***** PROVIDED RECORDS

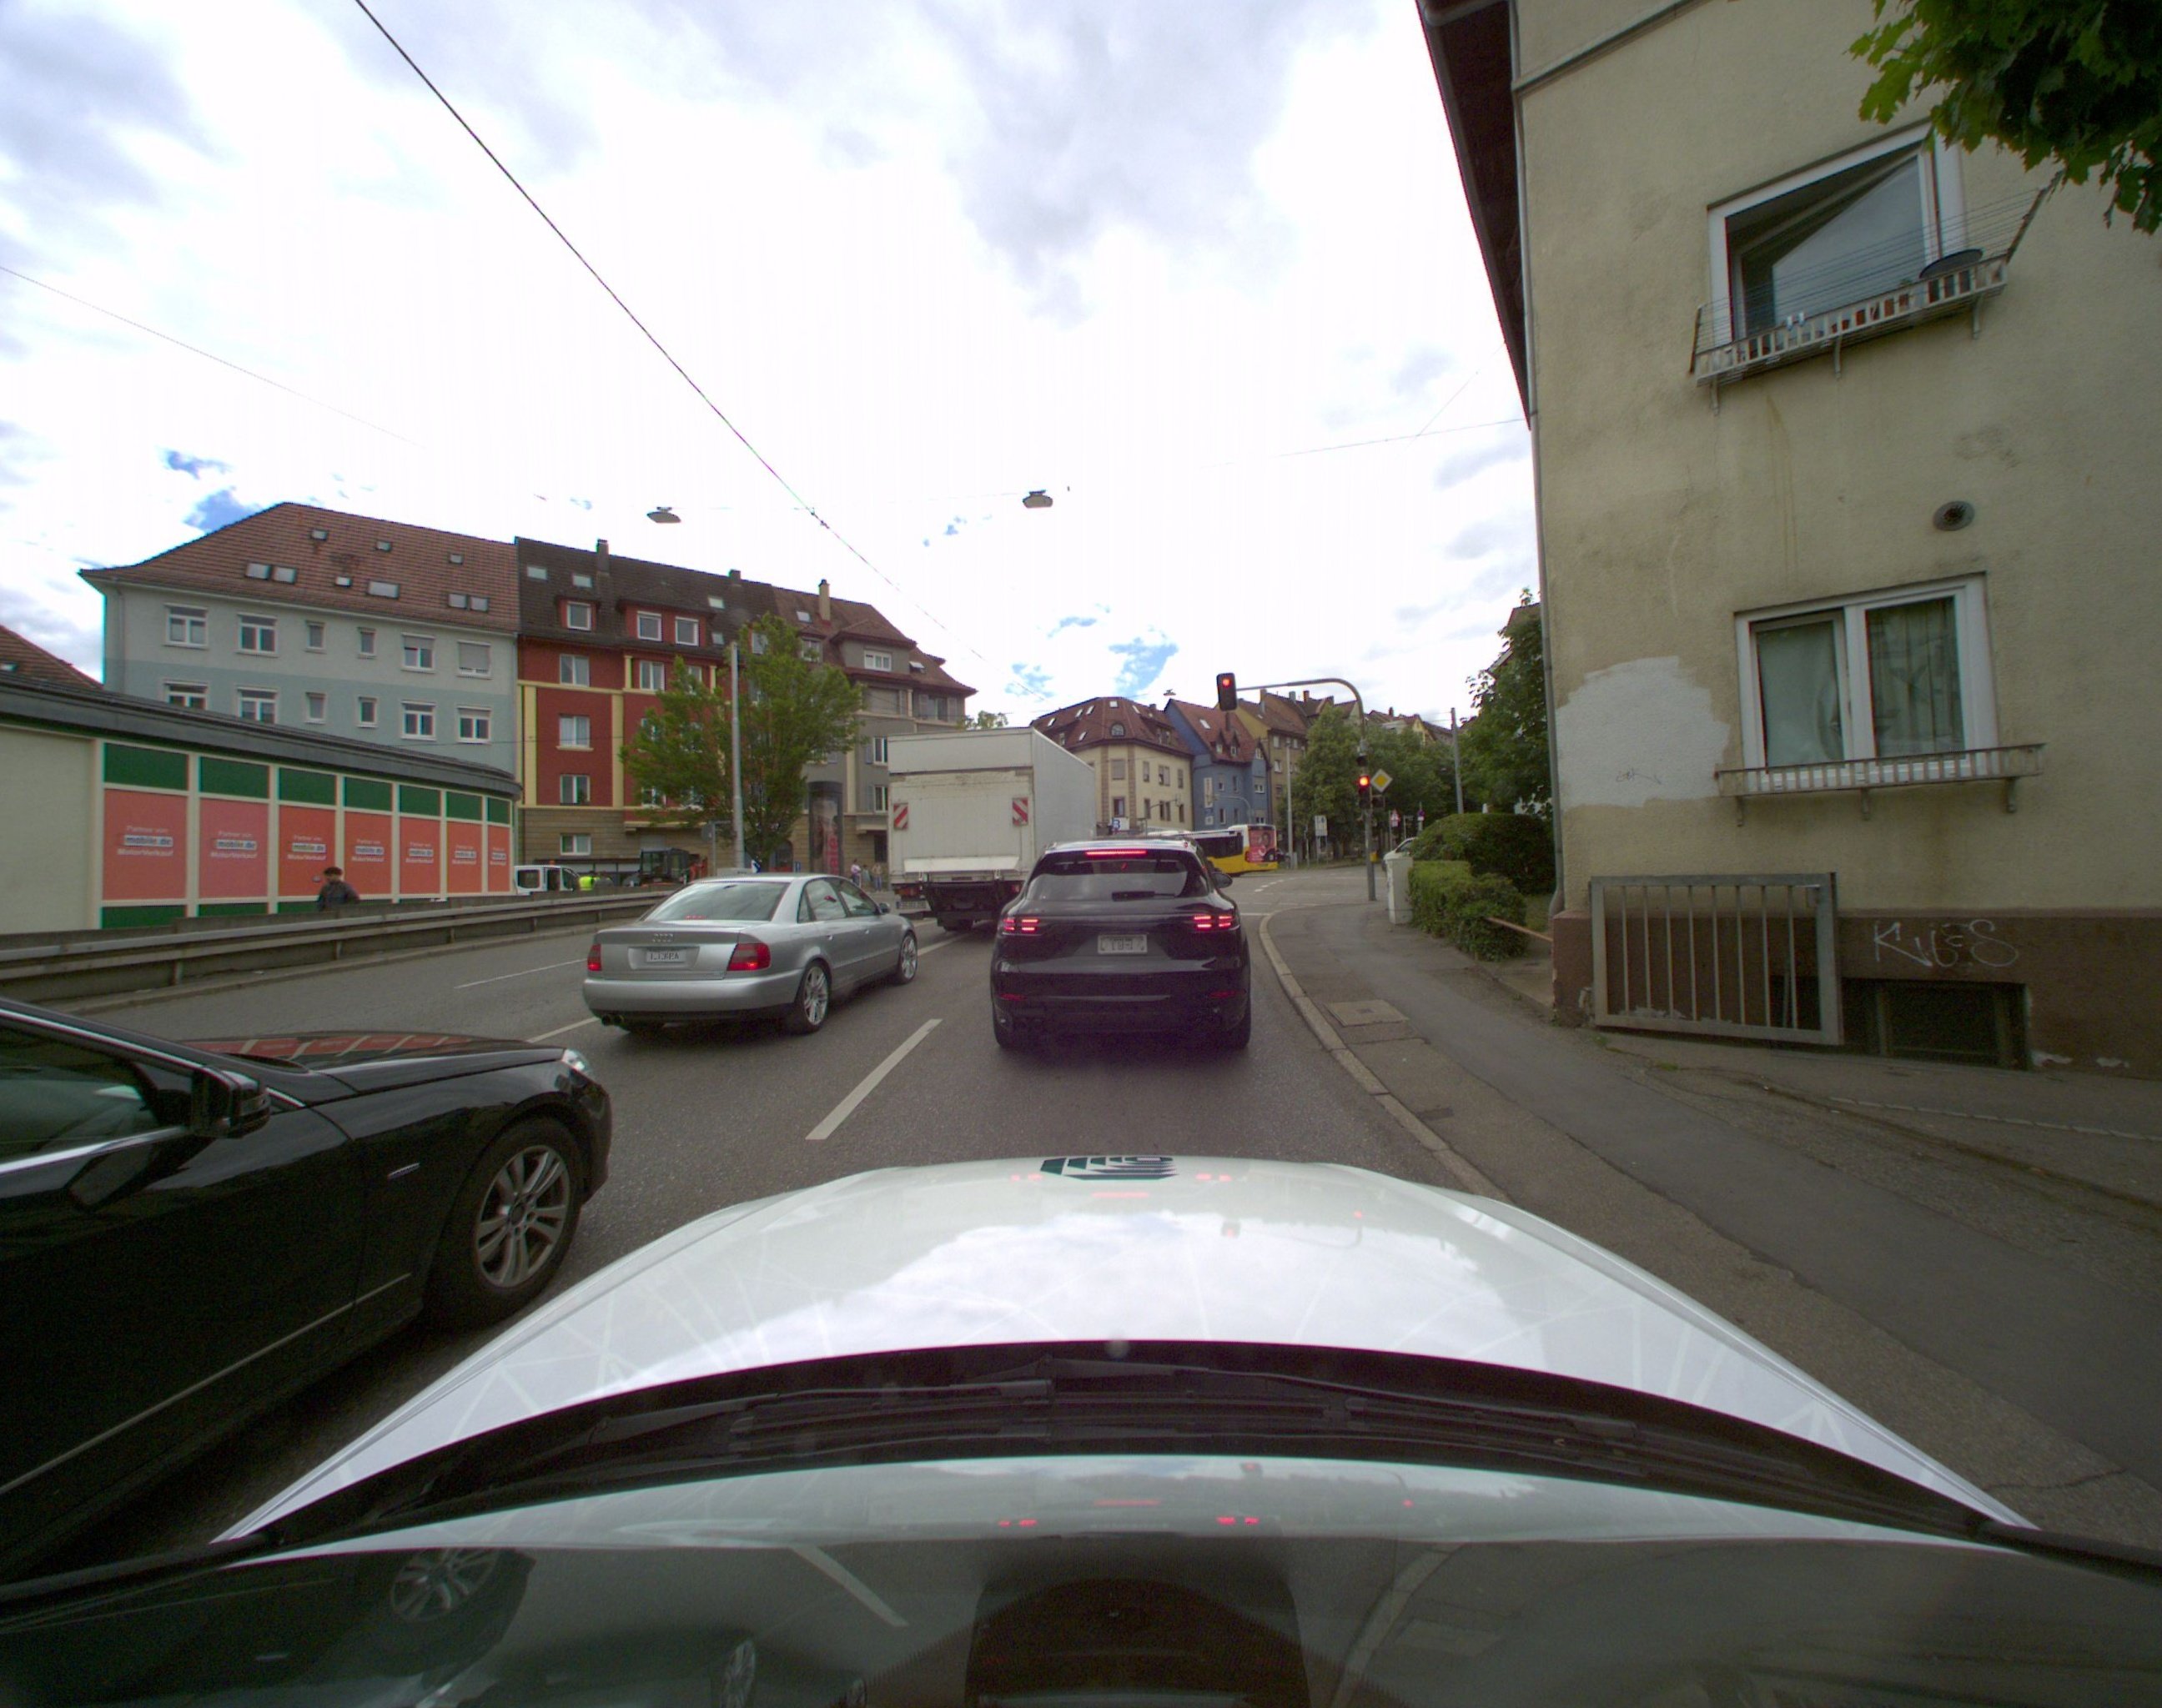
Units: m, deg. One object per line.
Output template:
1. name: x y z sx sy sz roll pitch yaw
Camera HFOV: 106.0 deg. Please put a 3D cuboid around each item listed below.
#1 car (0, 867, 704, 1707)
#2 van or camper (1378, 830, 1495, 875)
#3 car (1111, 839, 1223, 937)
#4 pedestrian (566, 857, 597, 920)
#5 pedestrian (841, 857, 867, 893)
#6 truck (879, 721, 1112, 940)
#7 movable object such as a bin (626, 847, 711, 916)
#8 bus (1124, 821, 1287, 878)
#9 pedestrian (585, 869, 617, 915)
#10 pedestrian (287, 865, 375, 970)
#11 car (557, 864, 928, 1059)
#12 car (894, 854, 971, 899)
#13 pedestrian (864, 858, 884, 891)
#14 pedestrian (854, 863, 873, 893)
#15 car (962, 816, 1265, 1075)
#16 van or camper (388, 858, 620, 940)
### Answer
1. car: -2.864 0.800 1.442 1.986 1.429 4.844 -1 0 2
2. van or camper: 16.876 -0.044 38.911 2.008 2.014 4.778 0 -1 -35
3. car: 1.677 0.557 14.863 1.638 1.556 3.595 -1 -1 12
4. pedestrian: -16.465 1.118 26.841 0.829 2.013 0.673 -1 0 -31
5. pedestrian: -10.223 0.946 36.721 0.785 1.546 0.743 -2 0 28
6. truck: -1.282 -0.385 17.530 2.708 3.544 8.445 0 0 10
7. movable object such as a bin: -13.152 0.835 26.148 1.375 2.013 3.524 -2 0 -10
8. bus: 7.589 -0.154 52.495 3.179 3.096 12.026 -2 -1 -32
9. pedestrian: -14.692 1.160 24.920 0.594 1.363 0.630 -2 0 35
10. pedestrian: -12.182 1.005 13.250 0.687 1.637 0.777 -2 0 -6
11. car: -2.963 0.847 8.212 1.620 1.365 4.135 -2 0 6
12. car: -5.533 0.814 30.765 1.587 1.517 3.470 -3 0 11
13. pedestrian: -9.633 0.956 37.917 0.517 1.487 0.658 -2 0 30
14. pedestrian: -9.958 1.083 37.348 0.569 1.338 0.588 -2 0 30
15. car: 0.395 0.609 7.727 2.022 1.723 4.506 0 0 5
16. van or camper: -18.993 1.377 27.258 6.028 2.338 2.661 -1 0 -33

**********
***** PROVIDED RECORDS

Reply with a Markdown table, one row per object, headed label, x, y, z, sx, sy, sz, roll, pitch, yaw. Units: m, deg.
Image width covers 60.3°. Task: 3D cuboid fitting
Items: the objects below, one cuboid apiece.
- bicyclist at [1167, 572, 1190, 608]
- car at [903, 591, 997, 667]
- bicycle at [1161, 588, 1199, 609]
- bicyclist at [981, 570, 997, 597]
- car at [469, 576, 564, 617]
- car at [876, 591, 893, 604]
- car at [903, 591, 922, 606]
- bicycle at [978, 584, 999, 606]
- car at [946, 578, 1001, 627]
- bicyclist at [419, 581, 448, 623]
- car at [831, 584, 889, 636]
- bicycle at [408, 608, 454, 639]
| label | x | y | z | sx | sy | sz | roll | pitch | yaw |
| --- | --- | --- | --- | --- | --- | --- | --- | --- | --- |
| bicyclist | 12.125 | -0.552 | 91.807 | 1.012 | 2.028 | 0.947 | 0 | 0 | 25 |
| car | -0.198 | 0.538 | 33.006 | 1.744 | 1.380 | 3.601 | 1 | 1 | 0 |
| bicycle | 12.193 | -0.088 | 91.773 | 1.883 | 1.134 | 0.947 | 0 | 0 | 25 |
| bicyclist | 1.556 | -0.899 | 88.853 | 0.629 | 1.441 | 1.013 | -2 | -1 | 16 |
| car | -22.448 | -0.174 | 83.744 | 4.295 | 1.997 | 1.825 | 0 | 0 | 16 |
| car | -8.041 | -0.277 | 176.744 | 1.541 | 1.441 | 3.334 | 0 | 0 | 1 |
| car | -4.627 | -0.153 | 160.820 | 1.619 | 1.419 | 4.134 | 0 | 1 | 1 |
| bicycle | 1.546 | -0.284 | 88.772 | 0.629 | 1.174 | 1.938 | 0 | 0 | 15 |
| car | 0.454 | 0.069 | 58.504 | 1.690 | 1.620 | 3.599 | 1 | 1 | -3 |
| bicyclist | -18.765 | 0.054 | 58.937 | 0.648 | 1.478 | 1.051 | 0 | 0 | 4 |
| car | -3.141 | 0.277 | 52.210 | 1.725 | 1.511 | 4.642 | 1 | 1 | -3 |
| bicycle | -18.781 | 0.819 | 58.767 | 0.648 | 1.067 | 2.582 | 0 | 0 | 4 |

**********

# WHAT TO WORK ON
Above are the records; from them, give again exactly the lines from the one containing "Items: the objects below, one cuboid apiece." through the one containing "- car at [831, 584, 889, 636]", both included.

# SOLUTION
Items: the objects below, one cuboid apiece.
- bicyclist at [1167, 572, 1190, 608]
- car at [903, 591, 997, 667]
- bicycle at [1161, 588, 1199, 609]
- bicyclist at [981, 570, 997, 597]
- car at [469, 576, 564, 617]
- car at [876, 591, 893, 604]
- car at [903, 591, 922, 606]
- bicycle at [978, 584, 999, 606]
- car at [946, 578, 1001, 627]
- bicyclist at [419, 581, 448, 623]
- car at [831, 584, 889, 636]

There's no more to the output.